If you have not told your doctor about any of these conditions, tell them before you have Methylcobalamin Injected.

If Taking Other Medicines:

Tell your doctor if you are taking any other medicines, including medicines that you buy without a prescription from your pharmacy, supermarket or health food shop.

Your doctor or pharmacist has more information about medicines to be careful with, use correctly or to avoid while you are being treated with Methylcobalamin.

How Methylcobalamin Injection is given

Methylcobalamin Injection must only be given by a doctor or nurse.

Methylcobalamin Injection will be injected intramuscularly (into the buttock muscle) by your doctor.

How much is given:

Your doctor will tell you how much Methylcobalamin Injection will need to be given and for how long it is to be given. This is determined by many factors including your body weight and your medical condition. The usual dose is 10 mg by slow intramuscular injection.

Follow all directions given to you by your doctor carefully.

They may differ from the information contained in this leaflet.

How long to use it:

Each person will respond differently to Methylcobalamin Injection.

Your doctor will tell you know how long you should take Methylcobalamin Injection for.

If you forget an appointment or need to change an appointment:

You will need to make another appointment as soon as possible.

If you are not sure what to do, contact your doctor or pharmacist as soon as possible.

If too much is given (overdose):

Your doctor should be the only person to inject Methylcobalamin, so an overdose is not likely to occur.

But if you think that you or anyone else may have been given too much Methylcobalamin Injection immediately telephone your doctor or Poisons Information Centre (telephone 13 11 26) or go to accident and emergency at your nearest hospital. Do this even if there are no signs of discomfort or poisoning.

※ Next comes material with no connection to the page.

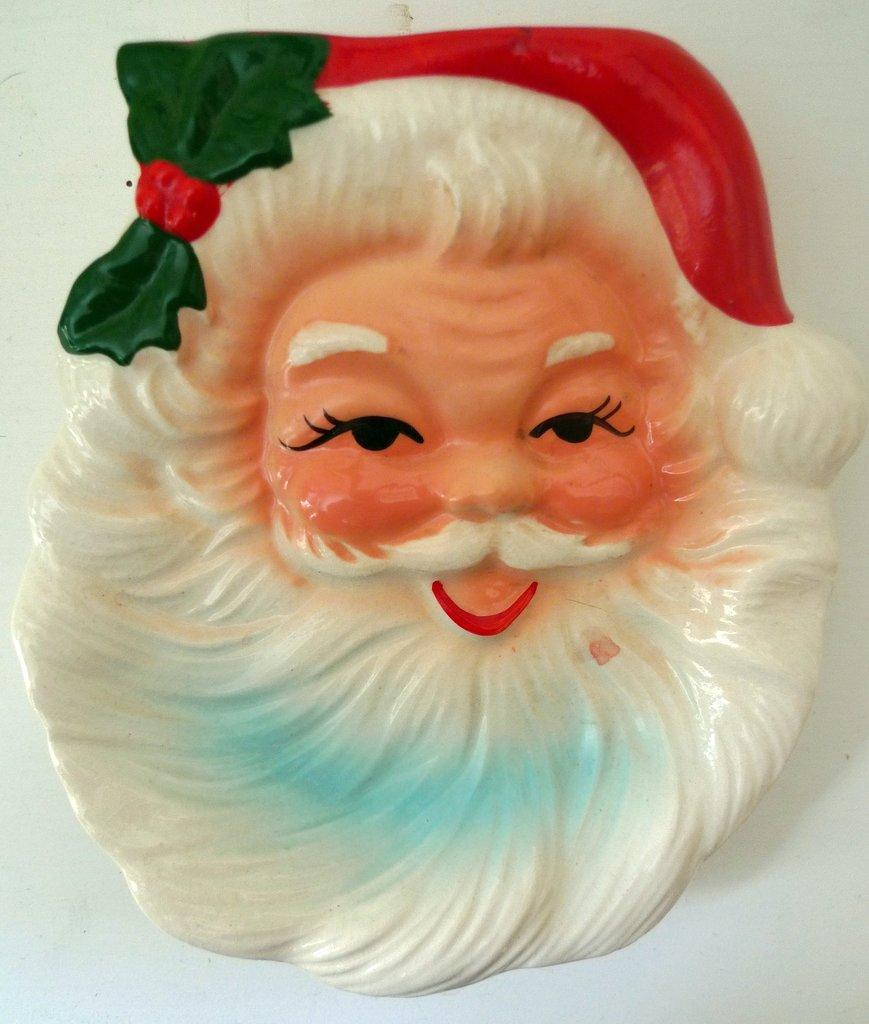What is the main subject of the image? The main subject of the image is a santa claus head. What is the background or surface on which the santa claus head is placed? The santa claus head is on a white surface. What type of society is depicted in the image? There is no society depicted in the image; it features a santa claus head on a white surface. What is the range of colors used in the image? The image primarily features two colors: the red and white of the santa claus head and the white surface it is placed on. However, there is no canvas present in the image.

While you are being given Methylcobalamin Injection

Things you must do:

  • Tell all doctors, dentists and pharmacists who are treating you that you are being treated with Methylcobalamin Injection.
  • If you are about to be started on any new medicine, remind your doctor and pharmacist that you are being treated with Methylcobalamin Injection.
  • If you need to have any urine or blood tests tell your doctor that you are being given Methylcobalamin Injection. Methylcobalamin Injection may affect the results of some of these tests.
  • Tell your doctor if you become pregnant while being treated with Methylcobalamin Injection.
  • Tell your doctor if you feel that giving Methylcobalamin Injection is not helping your condition.

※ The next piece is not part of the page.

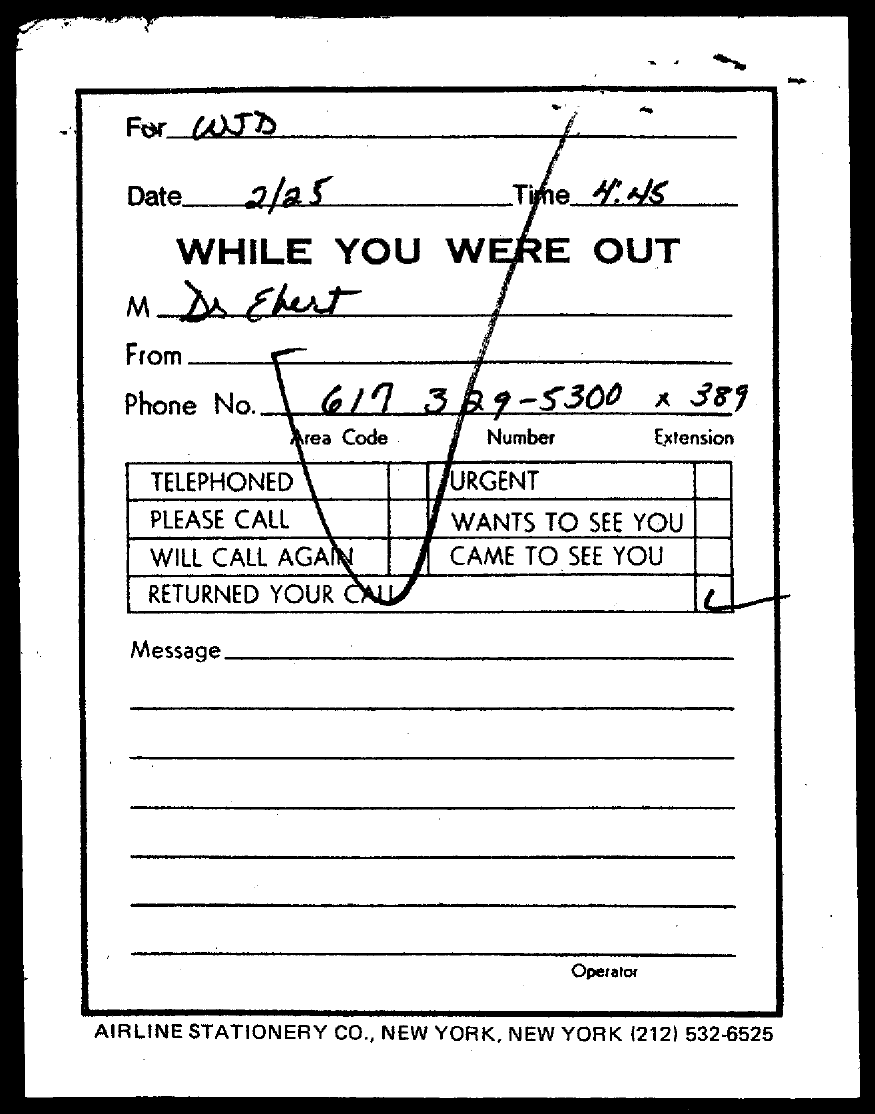List a handful of essential elements in this visual. The time is currently 4.45... The date is currently 2/25. The letter is addressed to "To Whom is this letter addressed to? WJD.. The phone number is 617 329-5300 x 389.

Be sure to keep all appointments with your doctor so that your progress can be checked.

Things you must not do:

  • Do not attempt to inject Methylcobalamin Injection yourself.
  • Do not take any other medicines, whether they require a prescription or not, without first telling your doctor or consulting a pharmacist.

Side effects

Tell your doctor or pharmacist as soon as possible if you do not feel well while you are being given or treated with Methylcobalamin Injection.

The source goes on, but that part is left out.